The annoyance that had flashed momentarily across Ramsey’s features appeared again. “Savannah, you write a gossip column and there’s nothing you can do for Charlie. Now you go on and get out of here. We don’t need you in the way as we go about our business.”
If her face had lacked color before, it didn’t now. A flush of red swept up her slender neck and took over her face, nearly matching the bright red of her hair.
“There’s something rotten in this town, Sheriff Ramsey, and I’m not going to quit until I figure out what it is.” She stomped to her car and got inside.
“What was that all about?” Joshua asked Ramsey as she pealed out and took off down the road.
“Who knows. Just spare me from Lois Lane wannabes.” Jim sighed again. “I got work to do.” As he headed for Charlie’s front door, Joshua loaded Jessie and Judd into the backseat of his car, then got in behind the steering wheel.
As Ramsey disappeared into the house, Joshua thought of Savannah Clarion’s parting words. “Something was rotten in Cotter Creek.”
What was she talking about? What in the hell had happened in his town in the time that he’d been gone?
Chapter 2
Savannah awakened with grief pressing thickly against her chest. The early-morning October sunshine drifted through the frilly lace curtains in her bedroom, and all she wanted to do was pull the pillow over her head and forget what had happened the day before.
Charlie was dead. The thought hit her in the stomach with the force of a blow. Other than Meredith and her landlady, Winnie, Charlie had been the only friend she’d made since coming to town. And now he was gone, dead in a way that made no sense whatsoever.
She’d never again see that slow, easy grin of his, never hear his acerbic sense of humor or match her wits against his in a game of chess.
“Charlie,” she whispered, her voice nothing more than a hollow echo of itself.
She wanted to weep, but she’d spent most of her tears the night before.

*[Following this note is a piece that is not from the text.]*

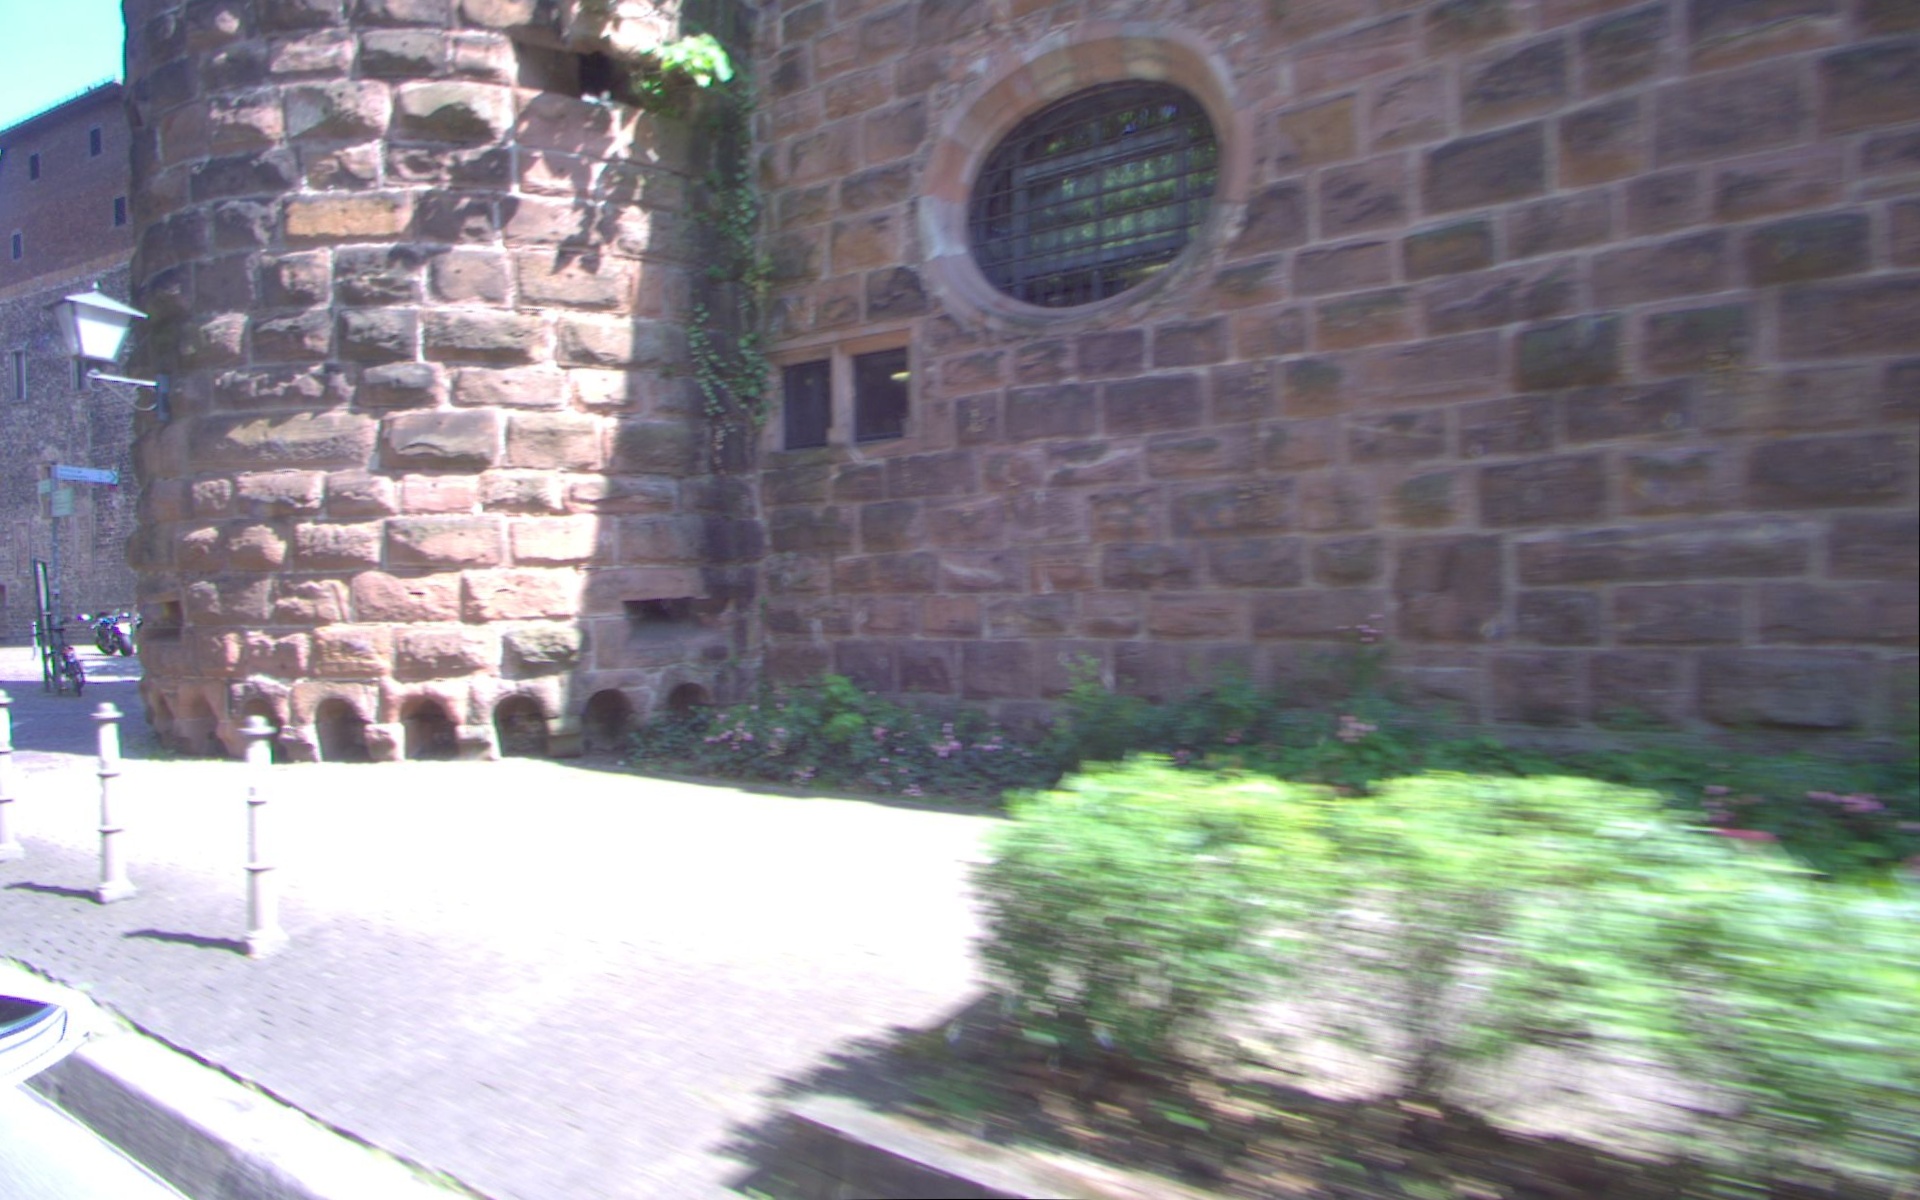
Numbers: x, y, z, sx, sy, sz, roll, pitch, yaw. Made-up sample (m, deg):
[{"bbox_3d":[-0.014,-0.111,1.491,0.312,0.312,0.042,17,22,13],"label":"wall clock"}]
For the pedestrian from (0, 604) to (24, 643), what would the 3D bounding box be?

Besides, crying didn’t change anything and neither did covering her face with a pillow and hiding in bed all day. She owed Charlie more than tears, more than denial.
She was a reporter, and even though her published work so far was nothing more than a couple of gossip columns and fluff pieces, as Sheriff Ramsey had characterized them, it was time she became an investigative reporter and found out the truth about what had happened to Charlie. She owed the old man that much.